If you offer more than the widget is worth to the owner, he will sell it. But you get only one shot. How much should you bid?

Update (11/12/09)
Solution: (First solved by Jaadu)
Highlight the part between the * symbols for the answer.
* He should not bid (or bid 0$) !! Explanation in comments!! :) *

Comments

  1. You want to maximise Probability(you get the widget,you don't pay more than its worth to you)= Prob(you get it)*Prob(you don't pay more| you get it)
    Suppose you bid b.
    Prob(you get it)=b/100
    Prob(you don't pay more| you get it)=((b - b/1.8)/b)
    Therefore we need to maximise (b/100)*(b - b/1.8)/b)
    which is same as maximising b.
    So you should bid 100+epsilon.

    ReplyDelete
  2. Answer is 0 for this case.A much better question is what must be the value of bidding if two chance is allowed.In this case answer is 50 for first bidding and then 100 for the second bidding.

    ReplyDelete
  3. yo jaadu!!!

    correct answer!!
    Explanation:
    Suppose I bet $x and get the widget. So, the value of it for the owner would be $y, uniformly distributed between 0 and x. So, its value for me is $1.8y. Expected value for me is 1.8* Expected value of y = 1.8*x/2= 0.9x

    So, if I get, expected value of the widget for me is 0.9x$ paying x$.

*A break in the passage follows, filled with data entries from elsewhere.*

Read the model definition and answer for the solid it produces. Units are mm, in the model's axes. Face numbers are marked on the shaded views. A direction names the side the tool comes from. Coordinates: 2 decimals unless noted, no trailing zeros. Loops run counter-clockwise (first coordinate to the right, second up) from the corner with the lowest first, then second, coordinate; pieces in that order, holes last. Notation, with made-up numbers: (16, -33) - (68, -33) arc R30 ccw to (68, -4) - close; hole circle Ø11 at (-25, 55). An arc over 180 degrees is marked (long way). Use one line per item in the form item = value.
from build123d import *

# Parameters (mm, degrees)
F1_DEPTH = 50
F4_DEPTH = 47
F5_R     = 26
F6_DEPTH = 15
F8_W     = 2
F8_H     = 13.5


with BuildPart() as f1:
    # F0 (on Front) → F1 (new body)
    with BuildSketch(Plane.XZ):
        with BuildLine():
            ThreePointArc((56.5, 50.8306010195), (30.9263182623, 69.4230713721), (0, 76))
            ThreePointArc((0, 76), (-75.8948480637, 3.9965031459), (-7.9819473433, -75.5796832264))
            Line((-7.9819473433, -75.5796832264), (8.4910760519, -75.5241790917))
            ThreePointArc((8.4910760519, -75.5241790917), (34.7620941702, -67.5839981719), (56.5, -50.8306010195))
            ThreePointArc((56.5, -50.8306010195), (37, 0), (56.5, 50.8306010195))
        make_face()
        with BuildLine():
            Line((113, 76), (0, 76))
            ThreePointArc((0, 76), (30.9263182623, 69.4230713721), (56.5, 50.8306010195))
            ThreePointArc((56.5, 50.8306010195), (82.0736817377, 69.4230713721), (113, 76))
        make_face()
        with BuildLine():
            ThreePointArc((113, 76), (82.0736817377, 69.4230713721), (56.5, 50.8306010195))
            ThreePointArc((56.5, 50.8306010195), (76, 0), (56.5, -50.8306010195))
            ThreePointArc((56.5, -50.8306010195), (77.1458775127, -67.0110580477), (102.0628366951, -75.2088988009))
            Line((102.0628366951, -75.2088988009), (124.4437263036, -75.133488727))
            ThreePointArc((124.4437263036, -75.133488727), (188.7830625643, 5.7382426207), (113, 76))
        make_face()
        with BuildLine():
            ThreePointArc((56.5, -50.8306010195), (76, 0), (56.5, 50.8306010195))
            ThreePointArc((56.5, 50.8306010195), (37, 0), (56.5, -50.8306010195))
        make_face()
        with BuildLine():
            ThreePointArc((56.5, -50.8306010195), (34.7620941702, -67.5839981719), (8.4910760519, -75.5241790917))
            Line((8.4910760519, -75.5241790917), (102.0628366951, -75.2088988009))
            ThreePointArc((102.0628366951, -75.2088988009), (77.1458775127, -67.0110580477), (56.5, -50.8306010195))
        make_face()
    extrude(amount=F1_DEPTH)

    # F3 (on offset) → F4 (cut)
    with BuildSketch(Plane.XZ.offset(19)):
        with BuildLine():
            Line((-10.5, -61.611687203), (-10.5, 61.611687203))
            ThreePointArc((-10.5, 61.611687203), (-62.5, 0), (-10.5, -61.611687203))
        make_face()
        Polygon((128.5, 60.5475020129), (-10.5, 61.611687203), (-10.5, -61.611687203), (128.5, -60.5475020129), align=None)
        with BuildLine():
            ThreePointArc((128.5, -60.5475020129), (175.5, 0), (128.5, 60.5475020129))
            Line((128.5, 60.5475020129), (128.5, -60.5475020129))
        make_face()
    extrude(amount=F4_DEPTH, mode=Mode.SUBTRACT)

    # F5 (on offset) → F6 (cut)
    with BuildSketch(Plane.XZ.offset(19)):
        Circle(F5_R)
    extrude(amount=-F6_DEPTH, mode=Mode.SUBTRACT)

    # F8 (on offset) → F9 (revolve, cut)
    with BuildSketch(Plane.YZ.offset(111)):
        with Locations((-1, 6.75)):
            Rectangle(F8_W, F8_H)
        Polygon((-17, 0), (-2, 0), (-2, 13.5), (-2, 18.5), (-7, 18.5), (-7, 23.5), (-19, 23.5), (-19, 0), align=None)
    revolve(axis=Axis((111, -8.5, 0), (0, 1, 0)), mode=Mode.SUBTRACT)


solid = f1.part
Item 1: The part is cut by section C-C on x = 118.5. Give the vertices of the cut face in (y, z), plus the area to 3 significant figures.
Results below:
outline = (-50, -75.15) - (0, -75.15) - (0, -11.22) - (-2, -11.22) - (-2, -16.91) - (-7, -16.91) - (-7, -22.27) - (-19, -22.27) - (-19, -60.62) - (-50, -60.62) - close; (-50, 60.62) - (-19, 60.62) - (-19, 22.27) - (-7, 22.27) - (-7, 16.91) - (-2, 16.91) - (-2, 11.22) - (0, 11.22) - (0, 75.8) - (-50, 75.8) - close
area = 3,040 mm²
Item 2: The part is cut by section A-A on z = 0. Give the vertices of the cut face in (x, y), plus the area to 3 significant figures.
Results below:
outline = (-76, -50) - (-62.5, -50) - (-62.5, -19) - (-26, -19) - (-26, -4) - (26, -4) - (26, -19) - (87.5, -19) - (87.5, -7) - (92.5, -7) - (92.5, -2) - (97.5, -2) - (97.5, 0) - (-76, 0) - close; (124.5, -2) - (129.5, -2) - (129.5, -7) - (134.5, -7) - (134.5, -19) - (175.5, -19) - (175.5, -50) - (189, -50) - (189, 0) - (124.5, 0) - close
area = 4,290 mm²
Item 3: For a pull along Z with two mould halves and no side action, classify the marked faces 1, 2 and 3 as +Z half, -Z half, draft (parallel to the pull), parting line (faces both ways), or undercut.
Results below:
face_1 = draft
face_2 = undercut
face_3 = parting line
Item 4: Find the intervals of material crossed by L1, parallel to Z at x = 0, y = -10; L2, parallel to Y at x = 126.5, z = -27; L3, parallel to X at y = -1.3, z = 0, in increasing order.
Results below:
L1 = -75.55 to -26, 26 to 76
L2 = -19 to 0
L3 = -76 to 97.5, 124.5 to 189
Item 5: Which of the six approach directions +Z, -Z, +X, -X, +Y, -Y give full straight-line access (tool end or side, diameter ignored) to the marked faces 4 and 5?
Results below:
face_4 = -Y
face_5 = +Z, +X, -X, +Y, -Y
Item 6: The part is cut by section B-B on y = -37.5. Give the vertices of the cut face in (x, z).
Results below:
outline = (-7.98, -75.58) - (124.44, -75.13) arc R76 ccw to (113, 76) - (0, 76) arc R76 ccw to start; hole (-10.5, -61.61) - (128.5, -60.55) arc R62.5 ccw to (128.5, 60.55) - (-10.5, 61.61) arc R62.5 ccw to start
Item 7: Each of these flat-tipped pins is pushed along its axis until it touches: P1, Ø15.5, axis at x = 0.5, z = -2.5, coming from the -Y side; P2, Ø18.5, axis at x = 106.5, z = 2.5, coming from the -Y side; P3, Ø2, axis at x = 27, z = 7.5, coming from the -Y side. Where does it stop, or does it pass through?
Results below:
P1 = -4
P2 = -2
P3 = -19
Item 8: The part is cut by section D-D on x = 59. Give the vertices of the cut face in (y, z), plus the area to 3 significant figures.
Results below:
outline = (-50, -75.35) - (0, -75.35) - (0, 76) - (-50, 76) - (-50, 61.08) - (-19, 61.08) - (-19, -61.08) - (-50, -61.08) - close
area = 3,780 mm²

    If x is less, i.e I am not getting it, I did not gain/lose anything.

    So, overall I am losing. So, I should not bid.

    For the question posed by Jaadu, I dont have any idea. Someone please help!!!

    ReplyDelete
    Replies
    1. I think here we're supposed to calculate expected payoff rather than expected value of Y. Please have a look at my approach
      E[Payoff] = P(Y exp payoff is -ve => dont buy

      I dont think calculating expected value of Y is a right approach (u're missing the x/100 part), kindly correct me if I'm wrong

      Delete
  4. @anonymous,
    who are you? :D

    You have a good approach.

    I am not able to see a mistake here!! Someone please find a mistake..
    :)

    ReplyDelete
  5. the problem with Anonymous solution is the assumption that the buyer needs to bye the widget even in case it is not worth it.He maximized the wrong thing

    ReplyDelete
  6. Right..

    He maximized the wrong thing..

    I dont care about what's the maximum probabality...

    My expected profit has to be maximized...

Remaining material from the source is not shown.